From ‘cultural relic to recreational resource,’ I&M Canal anniversary marks 175 years

Six years before the I&M Canal closed for business in 1933, the Forest Preserve District came into existence and began preserving land that sometimes intersected with the canal route.
The two entities have been intertwined ever since. And a result of this geographical intersection, the Forest Preserve is celebrating 175 years of the I&M Canal with programs that interpret the history of the canal region.
The Forest Preserve was created in 1927 and slowly began purchasing land to preserve the county’s natural and cultural resources.

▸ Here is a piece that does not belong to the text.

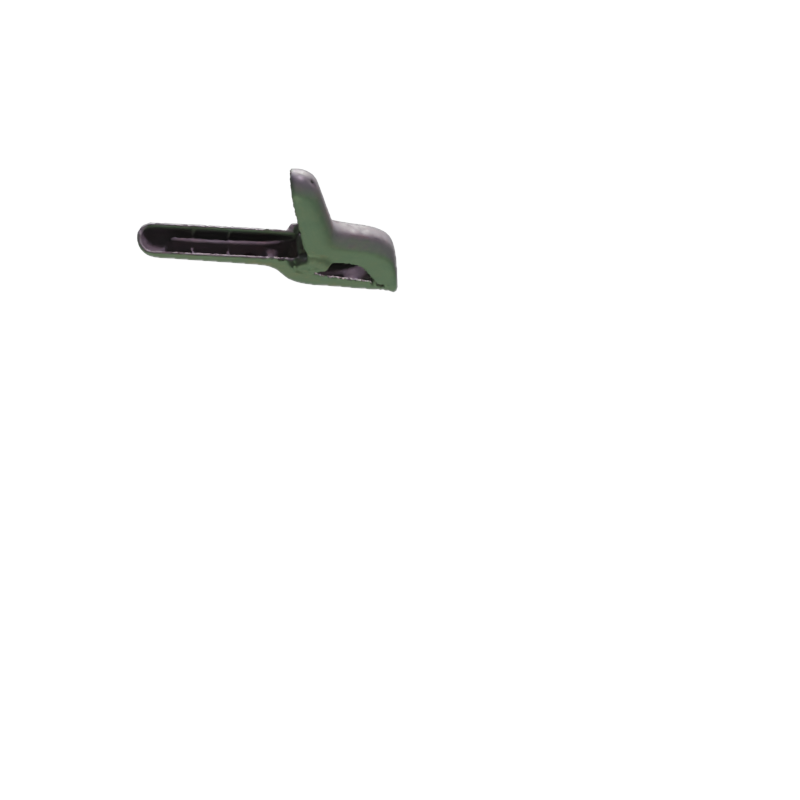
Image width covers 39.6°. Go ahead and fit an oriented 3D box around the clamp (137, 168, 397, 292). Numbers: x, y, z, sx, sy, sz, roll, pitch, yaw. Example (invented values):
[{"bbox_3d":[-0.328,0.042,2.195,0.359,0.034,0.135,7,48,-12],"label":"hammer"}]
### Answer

The 96-mile I&M Canal runs through or near several preserves in the same Des Plaines River Valley that the canal followed as it provided a route from the Great Lakes to the Illinois River and, ultimately, the Mississippi River and the Gulf of Mexico. The canal route has been preserved as a National Heritage Area, the country's first.
The I&M Canal Trail runs through the Joliet Iron Works Historic Site and McKinley Woods, and it is adjacent to Isle a la Cache, Lockport Prairie and Keepataw preserves.
The canal once brought materials to Joliet Iron Works when it was in its heyday in the late 1800s. The Forest Preserve built a section of the I&M Canal Trail that runs north from Iron Works to 135th Street near Isle a la Cache. And there are remnants of Civilian Conservation Corps work along the I&M Canal Trail in McKinley Woods.
“The heritage corridor provides us a way to bundle together some of our sites and tell a common story,” explained Ralph Schultz, Forest Preserve executive director. “The story includes the canal, the Des Plaines River corridor and its natural resources, and historical notes of interest from prior to our arrival through canal construction to today.”
In recent decades the trail built along the former canal towpath has served as a recreational outlet for hiking, biking and kayaking.
"The canal is a cultural relic that we’ve turned into a recreational resource," Schultz said.